著者
石尾 絵美
出版者
横浜国立大学技術マネジメント研究学会
雑誌
技術マネジメント研究 = Yokohama journal of technology management studies (ISSN:13473042)
巻号頁・発行日
vol.7, pp.37-49, 2008-03

本稿は、障害の社会モデル理論の洗練を目指すとともに、その実践レベルへの応用を模索するものである。日本において障害学会が設立されて以降、障害学の中心理論である社会モデルは、多くの人々に受け入れられてきたかのように感じられる。しかし、そこで取り上げられる社会モデルというのは、「障害問題の負担は個人ではなく社会が負うべきである」と主張するものだ、という程度の認識でしかないのではないだろうか。

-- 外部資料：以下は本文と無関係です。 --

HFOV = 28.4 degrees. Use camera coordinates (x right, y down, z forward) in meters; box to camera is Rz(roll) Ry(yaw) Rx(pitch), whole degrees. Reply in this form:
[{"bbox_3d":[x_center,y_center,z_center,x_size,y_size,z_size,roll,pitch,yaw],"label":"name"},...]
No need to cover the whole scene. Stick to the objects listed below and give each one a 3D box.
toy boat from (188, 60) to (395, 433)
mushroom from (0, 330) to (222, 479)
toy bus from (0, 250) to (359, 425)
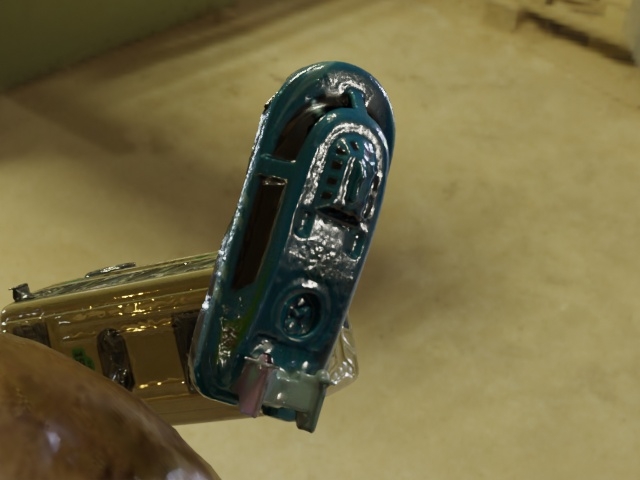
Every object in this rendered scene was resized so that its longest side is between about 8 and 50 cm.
[{"bbox_3d":[0.000,0.000,1.019,0.134,0.298,0.092,21,-7,-35],"label":"toy boat"},{"bbox_3d":[-0.218,0.181,0.971,0.314,0.397,0.224,-31,9,-40],"label":"mushroom"},{"bbox_3d":[-0.160,0.102,1.291,0.365,0.176,0.202,-11,4,31],"label":"toy bus"}]
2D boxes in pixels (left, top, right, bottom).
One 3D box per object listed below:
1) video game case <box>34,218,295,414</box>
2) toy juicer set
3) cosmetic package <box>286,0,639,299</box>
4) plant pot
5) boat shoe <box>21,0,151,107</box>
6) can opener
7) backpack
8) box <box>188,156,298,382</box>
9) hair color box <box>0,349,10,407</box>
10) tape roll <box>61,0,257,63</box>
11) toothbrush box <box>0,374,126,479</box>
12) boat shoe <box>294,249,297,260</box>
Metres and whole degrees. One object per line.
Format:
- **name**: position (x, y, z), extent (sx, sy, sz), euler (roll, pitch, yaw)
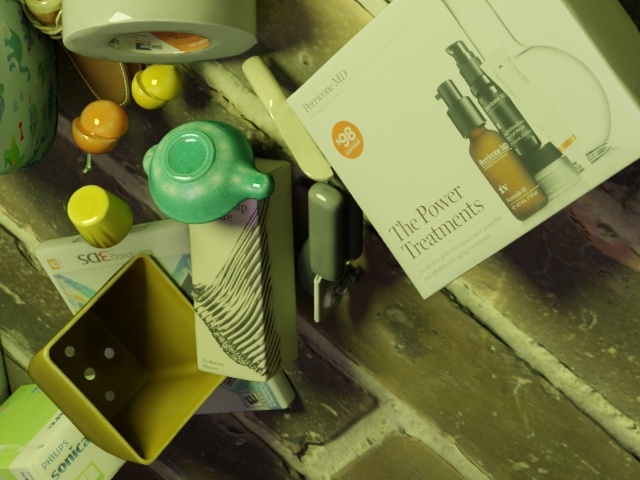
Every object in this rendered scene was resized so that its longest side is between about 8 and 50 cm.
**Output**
- **video game case**: position (-0.228, 0.121, 2.059), extent (0.300, 0.036, 0.329), euler (-9, 121, 36)
- **toy juicer set**: position (-0.149, -0.120, 1.705), extent (0.329, 0.209, 0.089), euler (-13, 158, 11)
- **cosmetic package**: position (0.168, -0.142, 1.513), extent (0.377, 0.097, 0.284), euler (-38, 83, 45)
- **plant pot**: position (-0.286, 0.175, 1.983), extent (0.212, 0.212, 0.187), euler (50, 148, -14)
- **boat shoe**: position (-0.309, -0.297, 1.698), extent (0.122, 0.120, 0.324), euler (0, 125, 31)
- **can opener**: position (0.000, 0.000, 1.759), extent (0.095, 0.076, 0.283), euler (32, 151, 21)
- **backpack**: position (-0.446, -0.186, 1.716), extent (0.355, 0.273, 0.290), euler (-176, 81, -76)
- **box**: position (-0.099, 0.035, 1.813), extent (0.113, 0.094, 0.275), euler (7, 111, 27)
- **hair color box**: position (-0.605, 0.218, 2.260), extent (0.113, 0.185, 0.374), euler (17, 133, 19)
- **tape roll**: position (-0.180, -0.255, 1.589), extent (0.219, 0.219, 0.072), euler (-4, 84, 34)
- **toothbrush box**: position (-0.428, 0.325, 2.203), extent (0.283, 0.206, 0.122), euler (-15, 117, 47)
- **boat shoe**: position (-0.097, 0.020, 1.891), extent (0.137, 0.043, 0.049), euler (4, 110, 29)
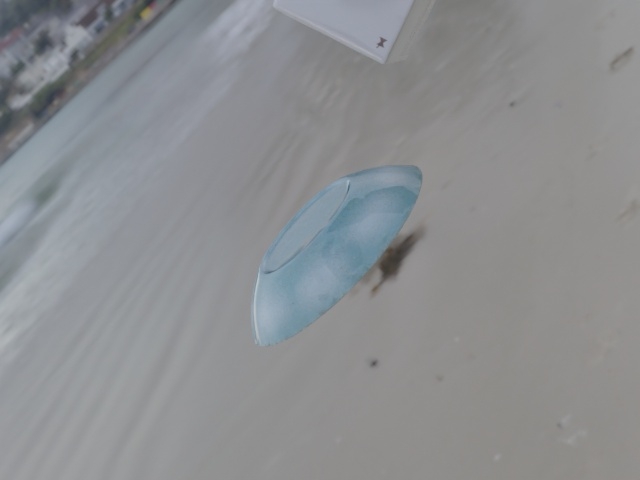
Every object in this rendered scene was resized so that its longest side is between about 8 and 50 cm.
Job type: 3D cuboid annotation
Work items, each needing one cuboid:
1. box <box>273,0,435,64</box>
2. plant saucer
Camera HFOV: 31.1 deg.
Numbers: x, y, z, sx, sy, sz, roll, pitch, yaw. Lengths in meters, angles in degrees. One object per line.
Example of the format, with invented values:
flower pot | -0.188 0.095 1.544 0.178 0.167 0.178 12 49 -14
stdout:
box | 0.037 -0.203 0.888 0.102 0.101 0.087 -64 -10 18
plant saucer | 0.000 0.000 0.928 0.195 0.037 0.195 -44 15 15
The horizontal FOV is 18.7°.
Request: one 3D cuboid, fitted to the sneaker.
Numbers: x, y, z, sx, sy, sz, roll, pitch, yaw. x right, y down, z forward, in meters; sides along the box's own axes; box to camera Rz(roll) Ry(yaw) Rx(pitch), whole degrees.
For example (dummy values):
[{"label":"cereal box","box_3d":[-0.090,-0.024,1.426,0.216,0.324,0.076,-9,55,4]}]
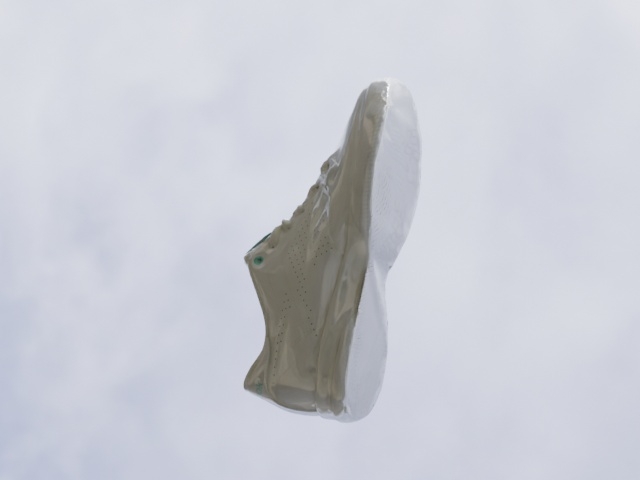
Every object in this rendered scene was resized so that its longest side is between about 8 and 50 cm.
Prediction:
[{"label":"sneaker","box_3d":[0.000,0.000,1.182,0.094,0.080,0.212,8,-100,27]}]
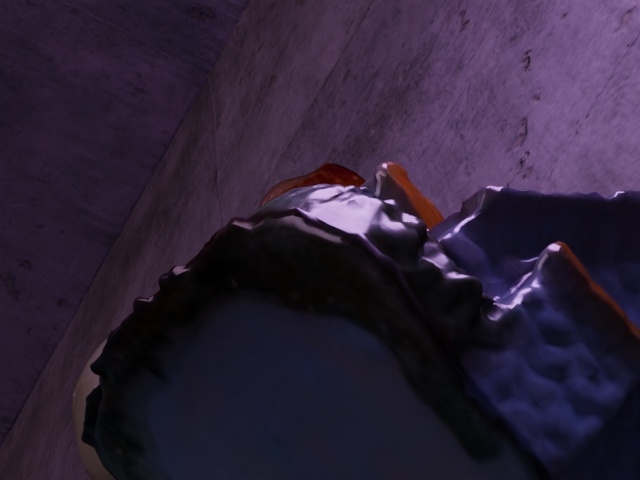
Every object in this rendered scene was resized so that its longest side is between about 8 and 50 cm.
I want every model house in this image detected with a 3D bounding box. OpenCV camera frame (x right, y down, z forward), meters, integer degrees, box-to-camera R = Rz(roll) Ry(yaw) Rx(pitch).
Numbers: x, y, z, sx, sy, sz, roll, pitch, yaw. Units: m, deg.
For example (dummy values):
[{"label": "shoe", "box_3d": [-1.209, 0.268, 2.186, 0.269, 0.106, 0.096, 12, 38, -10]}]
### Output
[{"label": "model house", "box_3d": [0.092, 0.073, 1.197, 0.339, 0.297, 0.360, -34, -9, -40]}]

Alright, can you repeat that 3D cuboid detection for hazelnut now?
[{"label": "hazelnut", "box_3d": [0.000, 0.000, 1.886, 0.154, 0.143, 0.143, -39, 23, 23]}]

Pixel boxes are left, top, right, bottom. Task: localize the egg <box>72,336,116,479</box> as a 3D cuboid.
[{"label": "egg", "box_3d": [-0.149, 0.180, 1.895, 0.269, 0.219, 0.219, 100, -166, -77]}]
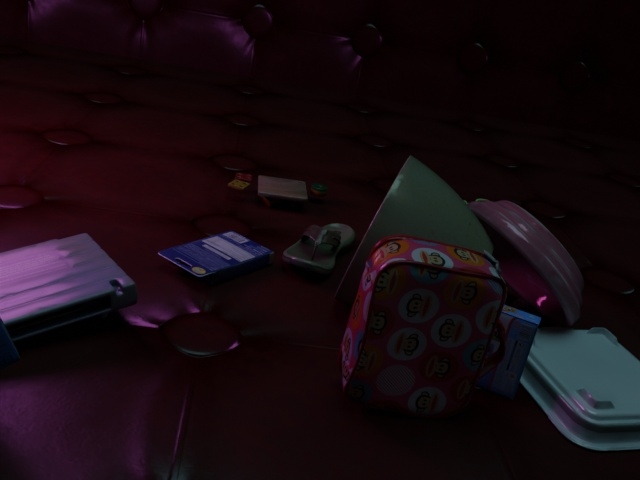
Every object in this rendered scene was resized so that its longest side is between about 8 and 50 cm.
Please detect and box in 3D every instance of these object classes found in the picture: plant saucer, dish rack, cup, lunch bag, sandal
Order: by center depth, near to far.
[{"bbox_3d":[0.179,0.148,1.190,0.258,0.293,0.120,11,25,-9],"label":"lunch bag"},{"bbox_3d":[0.516,0.255,1.374,0.286,0.072,0.333,2,24,-18],"label":"dish rack"},{"bbox_3d":[0.209,0.026,1.491,0.237,0.331,0.331,27,25,4],"label":"cup"},{"bbox_3d":[0.437,0.034,1.552,0.332,0.084,0.332,49,-1,1],"label":"plant saucer"},{"bbox_3d":[-0.001,-0.001,1.703,0.120,0.086,0.303,17,24,13],"label":"sandal"}]

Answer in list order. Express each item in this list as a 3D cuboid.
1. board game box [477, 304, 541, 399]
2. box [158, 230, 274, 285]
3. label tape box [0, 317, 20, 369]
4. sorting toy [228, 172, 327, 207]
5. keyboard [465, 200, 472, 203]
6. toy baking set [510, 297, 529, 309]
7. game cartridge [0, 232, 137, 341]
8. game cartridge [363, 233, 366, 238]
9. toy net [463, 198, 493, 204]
[{"bbox_3d":[0.271,0.177,1.328,0.212,0.160,0.039,20,24,19],"label":"board game box"},{"bbox_3d":[-0.226,0.038,1.580,0.136,0.036,0.225,26,26,32],"label":"box"},{"bbox_3d":[-0.624,0.111,1.058,0.249,0.115,0.348,-30,40,-26],"label":"label tape box"},{"bbox_3d":[-0.116,-0.128,1.991,0.275,0.046,0.132,8,24,-8],"label":"sorting toy"},{"bbox_3d":[0.407,-0.103,2.135,0.317,0.033,0.201,6,11,-9],"label":"keyboard"},{"bbox_3d":[0.352,0.129,1.632,0.256,0.030,0.196,12,23,2],"label":"toy baking set"},{"bbox_3d":[-0.528,0.093,1.262,0.355,0.068,0.230,-17,32,-34],"label":"game cartridge"},{"bbox_3d":[0.291,-0.003,1.894,0.286,0.052,0.324,19,27,18],"label":"game cartridge"},{"bbox_3d":[0.381,-0.069,1.941,0.122,0.045,0.232,31,32,22],"label":"toy net"}]
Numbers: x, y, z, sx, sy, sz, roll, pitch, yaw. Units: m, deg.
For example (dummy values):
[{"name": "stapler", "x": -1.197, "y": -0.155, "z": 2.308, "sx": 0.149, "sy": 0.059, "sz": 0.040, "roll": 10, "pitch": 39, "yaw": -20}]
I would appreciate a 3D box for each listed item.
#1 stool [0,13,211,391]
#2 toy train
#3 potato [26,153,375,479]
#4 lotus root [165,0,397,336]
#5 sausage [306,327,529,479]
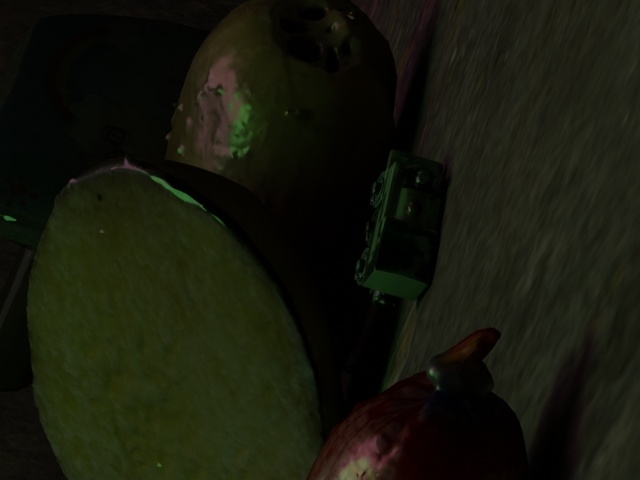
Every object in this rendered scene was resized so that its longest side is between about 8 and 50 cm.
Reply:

社会モデルがただのスローガンではなく、実践に応用可能な理論となるためには、理論的探求が必要不可欠である。 そこで、個人モデルと社会モデルの一般的な説明をまずは紹介し、その後で、イギリス社会モデルに対してなされた障害学内外からの批判、それに対しての応答を概観する。そして、今まで障害者運動の側面でのみ取り上げられることの多かった、アメリカ障害学にスポットを当て、アメリカ社会モデル理論の分析を行う。また、国内においての議論を取り上げ、その中から誕生したディスアビリティの新たな解釈を模索した主張を考察する。 そして最後に、障害学と既存の障害研究との関連について考察し、社会モデルの実践レベルへの応用という課題につなげていきたいと考える。既存の障害研究との区別を明白にしなければ、障害学はやがて吸収されてしまうだろう。実践現場での支援を想定し、そこにいかして社会モデルが応用可能なのかを模索する。